Spark SQL vs Presto

When it comes to comparing Spark SQL vs Presto there are some differences to be aware of: 

Commonality: 

  • They are both open source, “big data” software frameworks
  • They are distributed, parallel, and in-memory
  • BI tools connect to them using JDBC/ODBC
  • Both have been tested and deployed at petabyte-scale companies
  • They can be run on-prem or in the cloud. They can be containerized

Differences:

  • Presto is an ANSI SQL:2003 query engine for accessing and unifying data from many different data sources.  It’s deployed as a middle-layer for federation.
  • Spark is a general-purpose cluster-computing framework. Core Spark does not support SQL – for SQL support you install the Spark SQL module which adds structured data processing capabilities.

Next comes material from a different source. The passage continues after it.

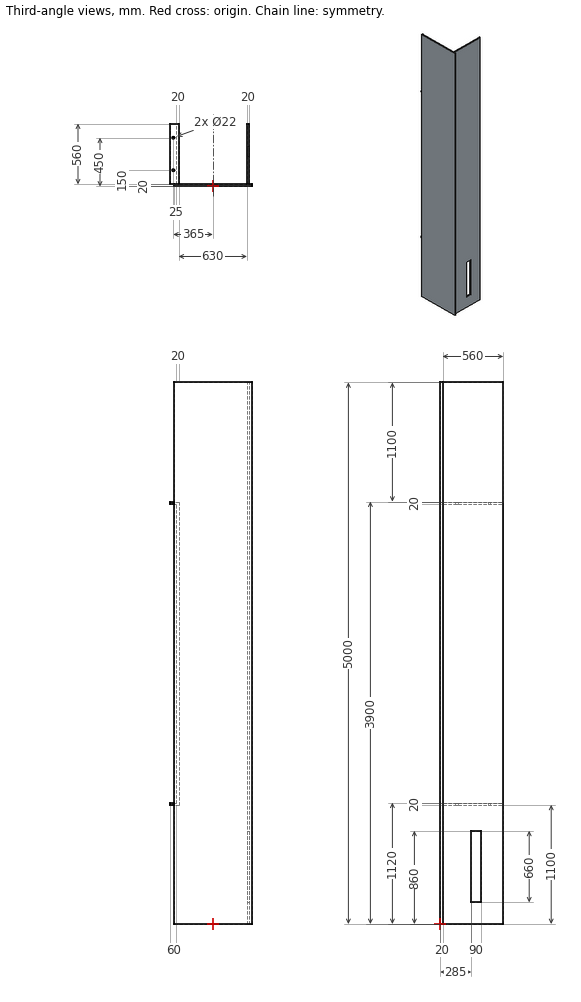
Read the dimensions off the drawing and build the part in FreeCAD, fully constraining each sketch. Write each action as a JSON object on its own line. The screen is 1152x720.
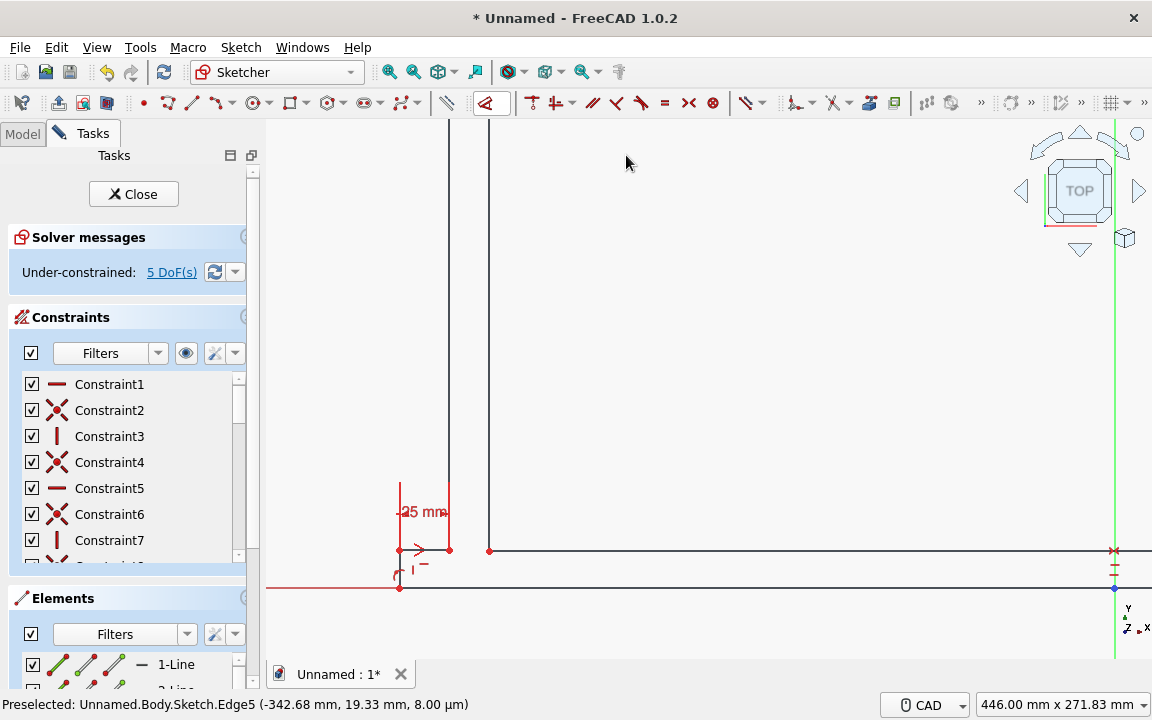
{"action": "left_click", "coordinate": [400, 562]}

Spark SQL is also ANSI SQL:2003 compliant (since Spark 2.0).
  • Presto is more commonly used to support interactive SQL queries.  Queries are usually analytical but can perform SQL-based ETL.  
  • Spark is more general in its applications, often used for data transformation and Machine Learning workloads. 
  • Presto supports querying data in object stores like S3 by default, and has many connectors available. It also works really well with Parquet and Orc format data.
  • Spark must use Hadoop file APIs to access S3 (or pay for Databricks features). Spark has limited connectors for data sources. 

That’s our take on Spark SQL vs Presto and we hope you found it useful!